Ein 29-jähriger Syrer muss sich wegen Vergewaltigung vor dem Amtsgericht Marbach verantworten. Gegen den Mann ist ein zweites Verfahren anhängig. Er soll Mitglied des sogenannten Islamischen Staats gewesen sein.

Stuttgart/Marbach am Neckar - Am Amtsgericht in Marbach wird umgebaut. Das ist allerdings nicht der Hauptgrund, warum das Schöffengericht am Dienstag in das Mehrzweckgebäude des Oberlandesgerichts Stuttgart nach Stammheim ausgewichen ist. Das Schöffengericht verhandelt gegen einen Syrer, der eine seiner drei Frauen verprügelt und vergewaltigt haben soll. Solch ein Verfahren wäre auch in Marbach möglich gewesen. Doch auch die Bundesanwaltschaft ermittelt gegen den 29-Jährigen. Es heißt, der Mann soll vor seiner Flucht nach Deutschland in seiner Heimat der Terrororganisation Islamischer Staat (IS) angehört haben. Deshalb findet der Amtsgerichtsprozess in Stuttgart unter strengen Sicherheitsmaßnahmen statt.

 

Der Mann weist den Terrorvorwurf zurück

Die Vorsitzende Richterin streift die Ermittlungen der Bundesanwaltschaft nur kurz. „Gegen Sie wird in einem zweiten Verfahren ermittelt, weil Sie beim Islamischen Staat gewesen sein sollen“, sagt sie. Der Angeklagte weist das von sich. Er sei damals gezwungen worden. Er habe in Syrien kein Geld und keine Arbeit gehabt. Wenn man den Anweisungen des IS nicht Folge geleistet habe, sei man verhaftet worden und spurlos verschwunden.

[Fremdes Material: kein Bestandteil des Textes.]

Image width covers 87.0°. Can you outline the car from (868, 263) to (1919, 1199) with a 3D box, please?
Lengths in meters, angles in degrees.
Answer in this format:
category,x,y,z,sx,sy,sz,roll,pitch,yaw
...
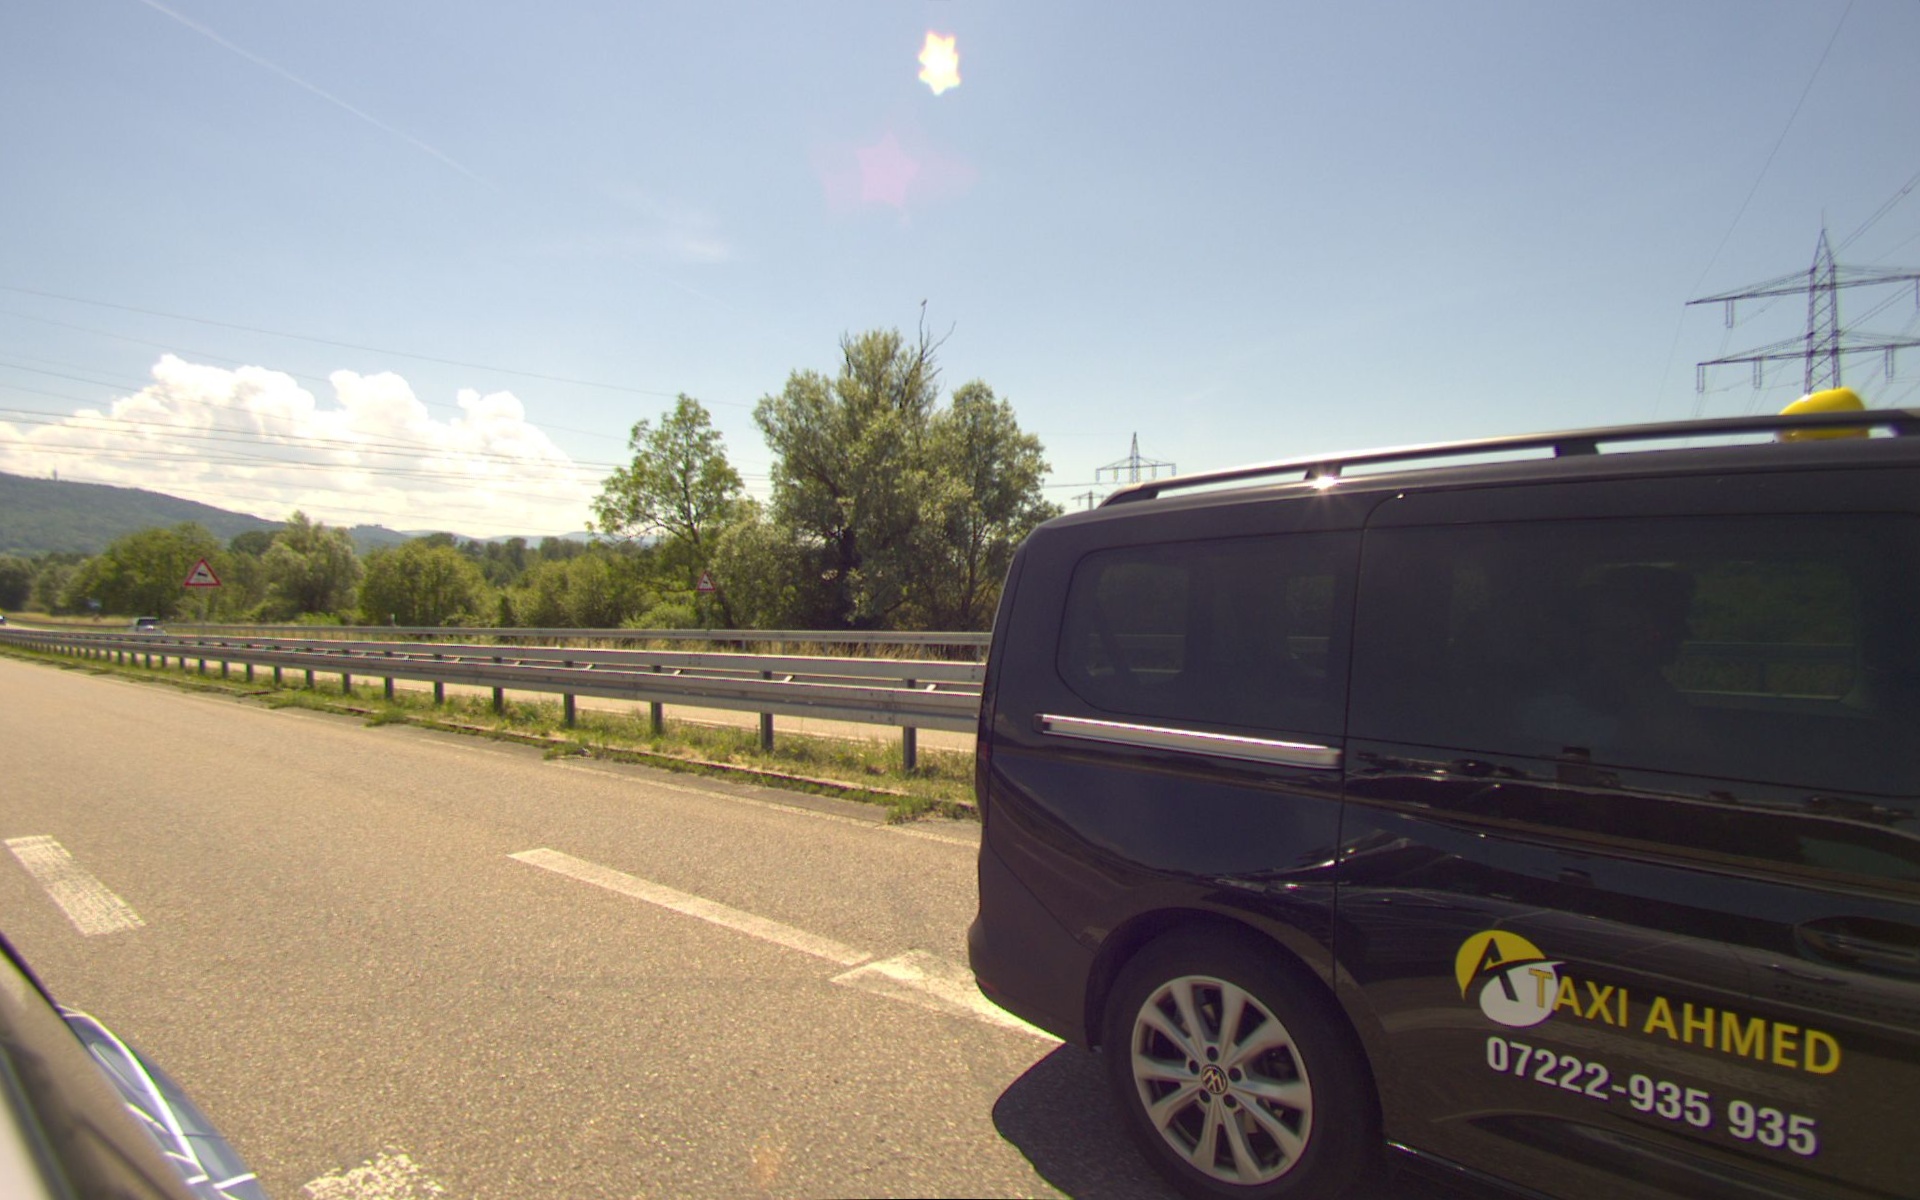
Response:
category,x,y,z,sx,sy,sz,roll,pitch,yaw
car,2.437,0.432,1.914,5.569,1.901,1.835,-1,-1,40

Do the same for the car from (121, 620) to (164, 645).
category,x,y,z,sx,sy,sz,roll,pitch,yaw
car,-50.267,1.969,62.208,3.700,1.460,1.517,-1,-1,42
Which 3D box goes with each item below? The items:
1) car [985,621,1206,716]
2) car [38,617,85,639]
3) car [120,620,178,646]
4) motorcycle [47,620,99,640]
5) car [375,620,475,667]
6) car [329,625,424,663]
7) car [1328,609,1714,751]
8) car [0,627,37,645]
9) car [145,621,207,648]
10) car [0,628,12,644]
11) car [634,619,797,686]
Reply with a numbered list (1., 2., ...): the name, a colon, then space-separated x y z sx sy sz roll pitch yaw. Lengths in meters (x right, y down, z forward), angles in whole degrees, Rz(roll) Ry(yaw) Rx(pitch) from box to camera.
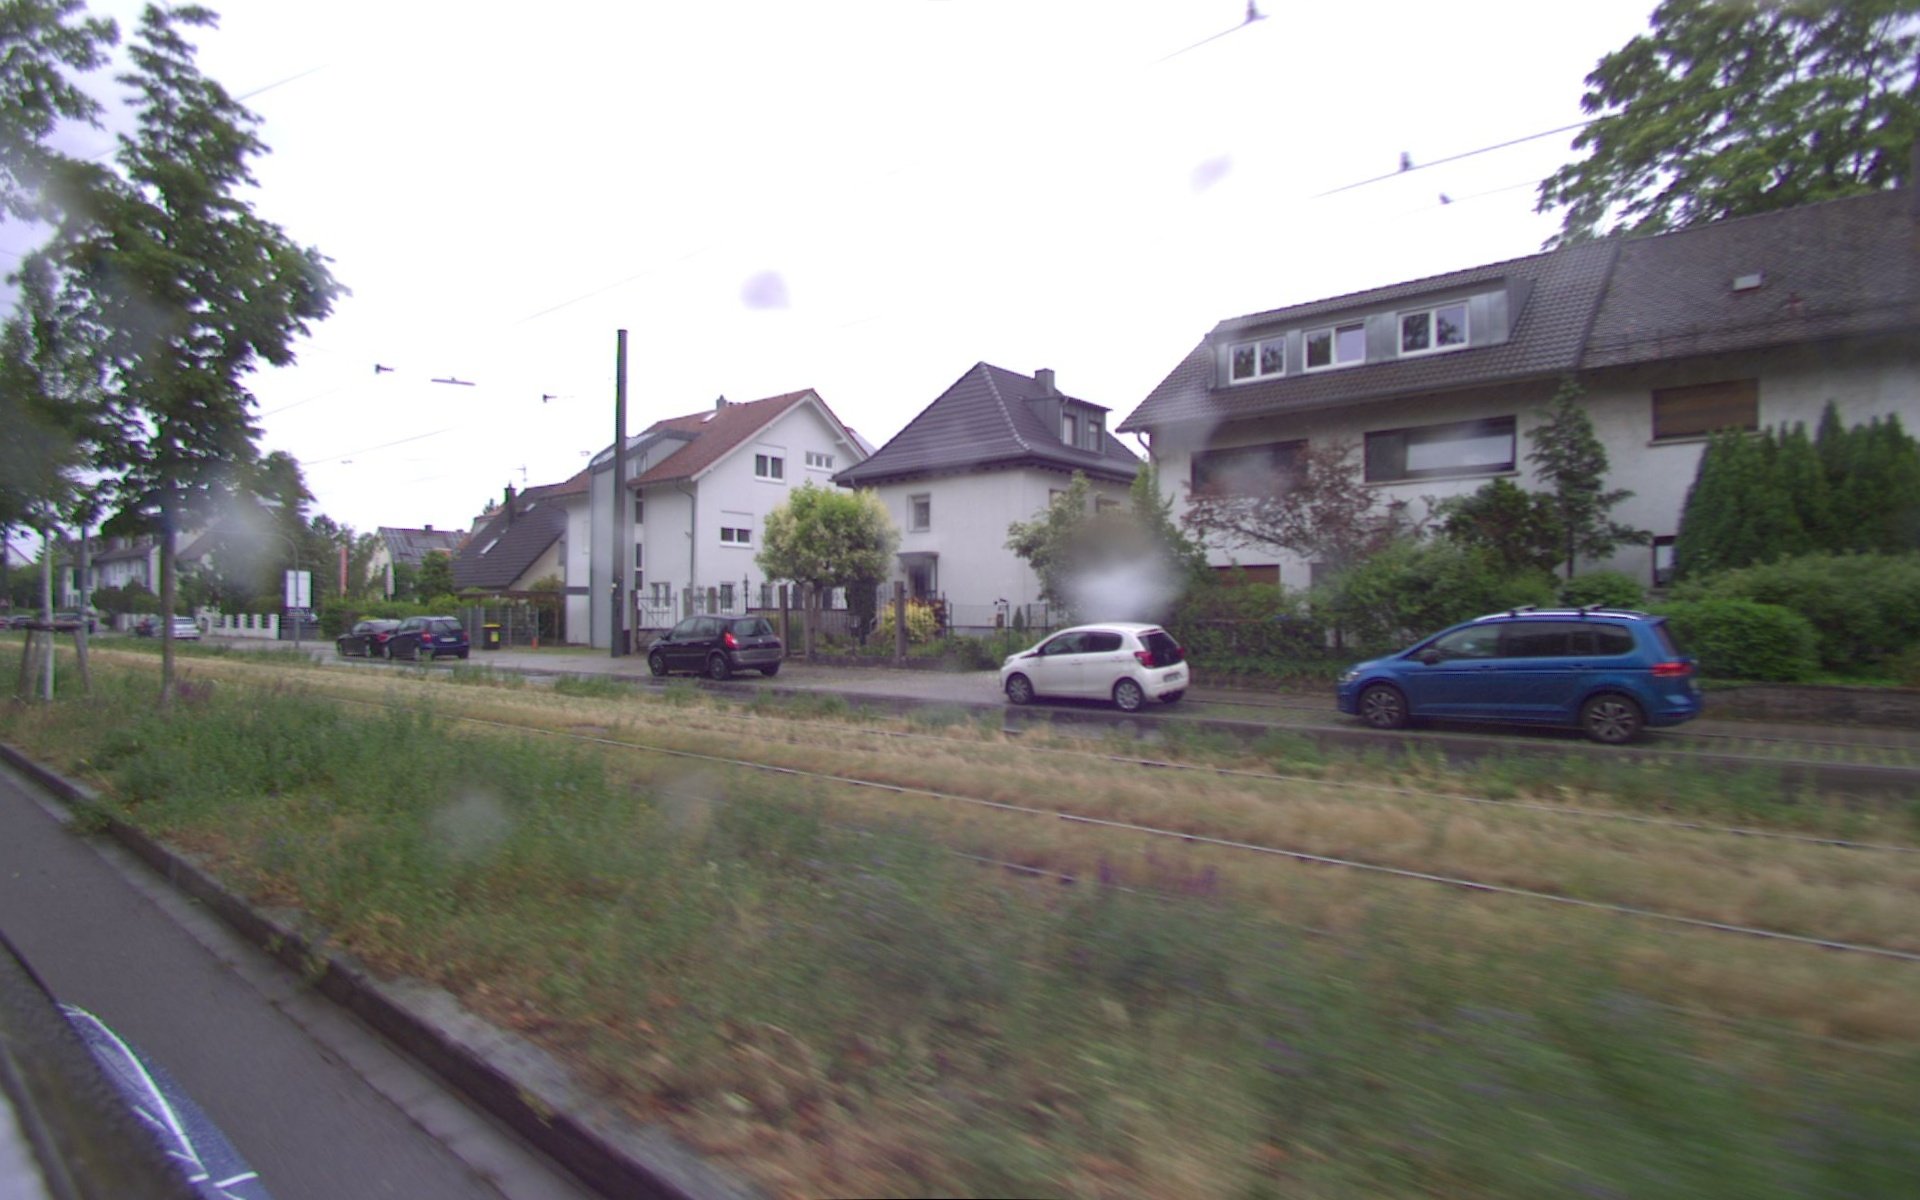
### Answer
1. car: 2.415 1.171 18.452 3.594 1.500 1.778 -1 0 41
2. car: -70.396 2.164 79.272 4.380 1.687 1.975 -1 -1 37
3. car: -49.648 2.029 61.925 4.528 1.466 1.973 -1 0 41
4. motorcycle: -66.201 2.267 75.579 2.645 1.421 1.269 0 0 -9
5. car: -19.672 1.568 37.157 3.866 1.562 1.855 -1 0 39
6. car: -23.177 1.699 40.159 4.237 1.361 1.973 -1 0 41
7. car: 7.708 0.987 14.132 4.410 1.626 1.973 -1 0 40
8. car: -83.287 3.163 89.410 4.758 1.421 1.973 -1 0 41
9. car: -45.526 1.984 58.760 3.966 1.421 1.974 -1 0 39
10. car: -91.871 3.406 96.466 3.998 1.468 1.779 -1 0 41
11. car: -6.327 1.289 26.013 4.203 1.528 1.973 -1 0 41
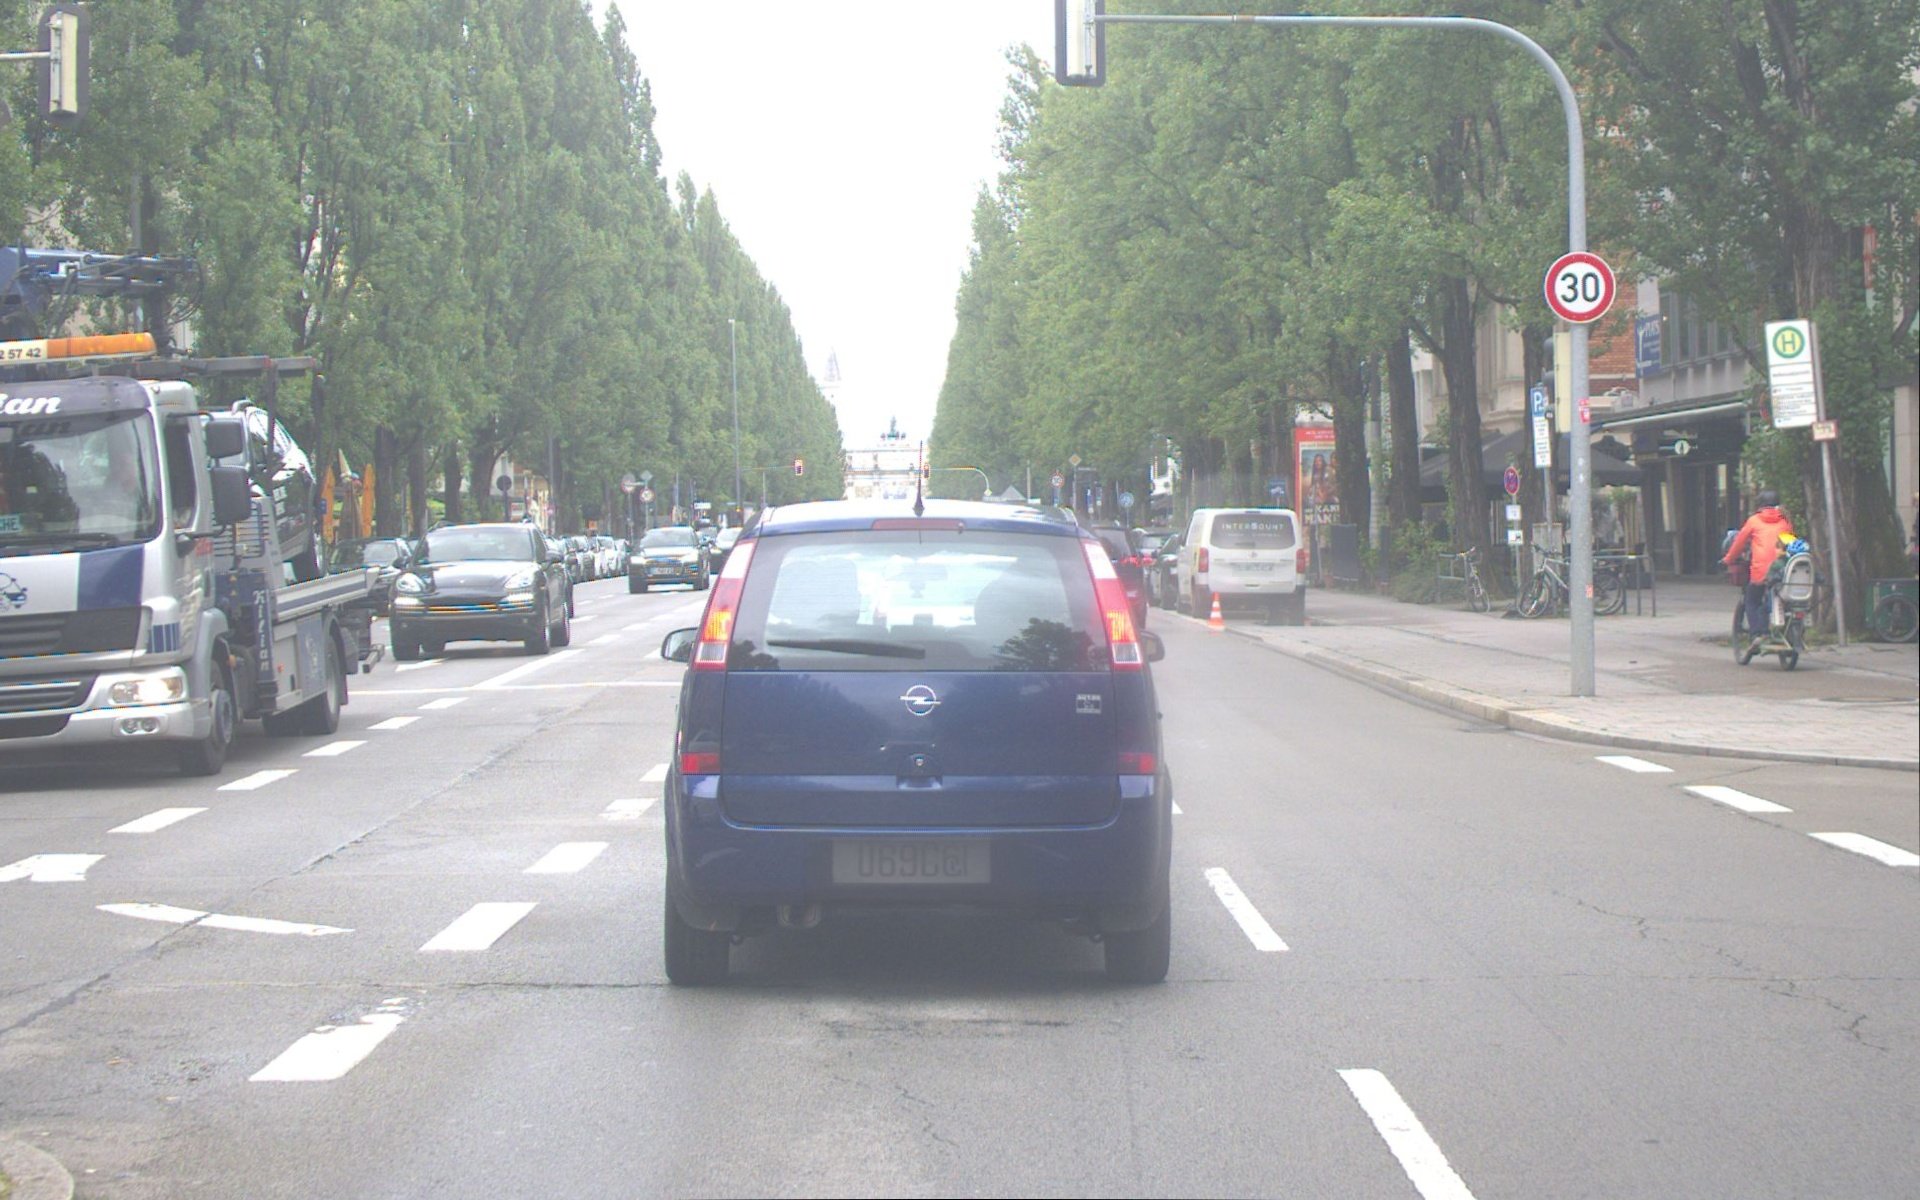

Den Oberstaatsanwalt Martin Renninger interessiert das am Dienstag nur am Rande. Er wirft dem Mann vorsätzliche und gefährliche Körperverletzung sowie Vergewaltigung seiner Ehefrau vor. So klar der Vorwurf ist, so unübersichtlich wird es in der Folge. Denn der Angeklagte hat offenbar drei Ehefrauen. Das Opfer soll die Ehefrau Nummer drei sein. Diese habe zeitweise in der Zwei-Zimmer-Wohnung des 29-Jährigen in Bietigheim-Bissingen gewohnt, in der er mit der Ehefrau Nummer eins, seinen beiden Kindern und mehreren Schwestern lebte.

Im März dieses Jahres soll es zu wüsten Übergriffen gekommen sein. Einmal habe der Mann das Opfer in die Nieren getreten. Bei einer anderen Gelegenheit habe er die Frau bewusstlos geschlagen. Schließlich soll er sie vergewaltigt haben.

All das bestreitet der Mann. Er habe seine dritte Ehefrau niemals geschlagen oder getreten. „Ich sitze hier wegen der Probleme meiner Frau“, lässt er übersetzen. Er meint das mutmaßliche Opfer. Seine dritte Frau sei ständig im Streit mit der Ehefrau Nummer eins gewesen. Ihr Problem sei zudem gewesen, dass sie keine eigene Wohnung habe. Er habe immer wieder schlichten müssen. Aber getreten, geschlagen, vergewaltigt? Nein, so der 29-Jährige.

Der Angeklagte verstrickt sich in Widersprüche

Die Schwester der Frau zeichnet ein anderes Bild. Sie sagt aus, sie habe ihre Schwester mehrmals aus dem Krankenhaus abgeholt, nachdem sie von dem Angeklagten geprügelt worden sei. Sie habe die blauen Flecken und andere Verletzungen selbst gesehen.

Mehrmals verstrickt sich der Angeklagte, der vom Verteidiger Jan Stockmann vertreten wird, in Widersprüche. Einmal sagt er, seine dritte Ehefrau habe von ihm Sex gewollt, es sei wegen des Streits mit der Ehefrau Nummer eins jedoch nicht dazu gekommen. Dann sagt er, er habe das Opfer an dem Abend, an dem die Vergewaltigung stattgefunden haben soll, mit der Hand befriedigt. „Wenn Sie ständig etwas anderes erzählen, besteht die Gefahr, dass ich Ihnen gar nichts mehr glaube“, so der Oberstaatsanwalt. Der Prozess wird fortgesetzt.